I keep wondering why I ever read Quanta Magazine. It takes a pretty generous reading of "need" to make this a correct statement.

JohnKemeny•8mo ago
Not really. Coloring a graph is almost always talking about proper coloring, meaning that things that objects that are related receive different colors.

If you read the introduction, you'll also read that the goal is to "color each of your lines and require that for every point, no two lines connected to it have the same color."

Ps. "How many colors a graph needs" is a very well established term in computer science and graph theory.

mockerell•8mo ago
I think the comment referred to the phrase „a graph needs X (colors or whatever)“. For me, this can be read two ways: 1. „a graph always needs at least X colors“ or 2. „a graph always needs at most X colors“.

Personally, I would interpret this as option 1 (and so did the comment above I assume). In that case, the statement is wrong. But I’d prefer to specify „at most/ at least“ anyways.
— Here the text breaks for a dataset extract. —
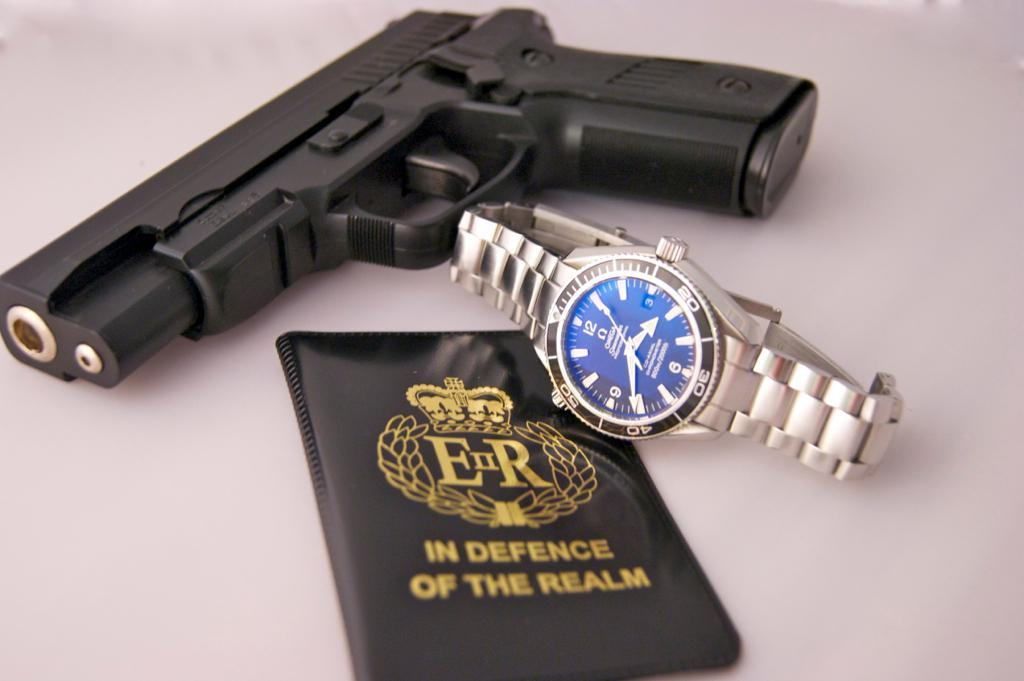What object with a handle is present on the table in the image? There is a black color gun on the table. What time-keeping device is on the table? There is a watch on the table. What type of identification document is on the table? There is a passport on the table. Can you see a goldfish swimming in the image? There is no goldfish present in the image. What type of tool is being used to adjust the nose in the image? There is no tool or nose present in the image. 
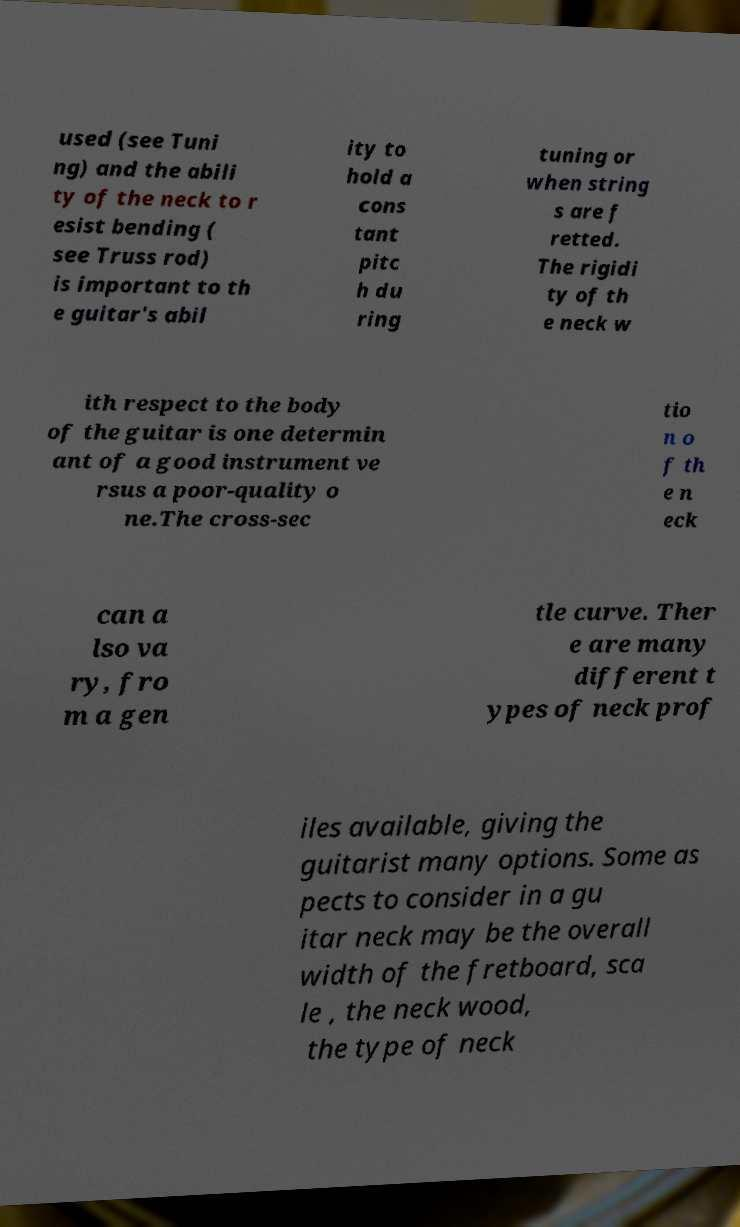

Or even better, use actual vocabulary. „For every graph there exists a coloring with X colors.“ or „any graph can be coloured using X colors“.

PS: I also agree with the sentiment about quanta magazine. It’s hard to get some actual information from their articles if you know the topic.

JohnKemeny•8mo ago
What about this statement:

No matter how large a car is, it is easy to figure out how much money you'll need to buy it. Simply look at the price tag.

(From: No matter how large a graph is, it’s easy to figure out how many colors you’ll need to color it. Simply look for the maximum ...)

mauricioc•8mo ago
Parent's point is that sometimes (but not always) the store is perfectly fine selling you a car for $1 less than what the "price tag" of Delta(G)+1 dollars asks for, so "need" is a bit inaccurate.
phkahler•8mo ago
Is this going to lead to faster compile times? Faster register allocation...
john-h-k•8mo ago
Very few compilers actually use vertex coloring for register allocation
isaacimagine•8mo ago
Totally. The hard part isn't coloring (you can use simple heuristics to get a decent register assignment), rather, it's figuring out which registers to spill (don't spill registers in hot loops! and a million other things!).
NooneAtAll3•8mo ago
and this post isn't even about vertex coloring
DannyBee•8mo ago
No.

In SSA, the graphs are chordal, so were already easily colorable (relatively).

Outside of SSA, this is not true, but the coloring is still not the hard part, it's the easy part.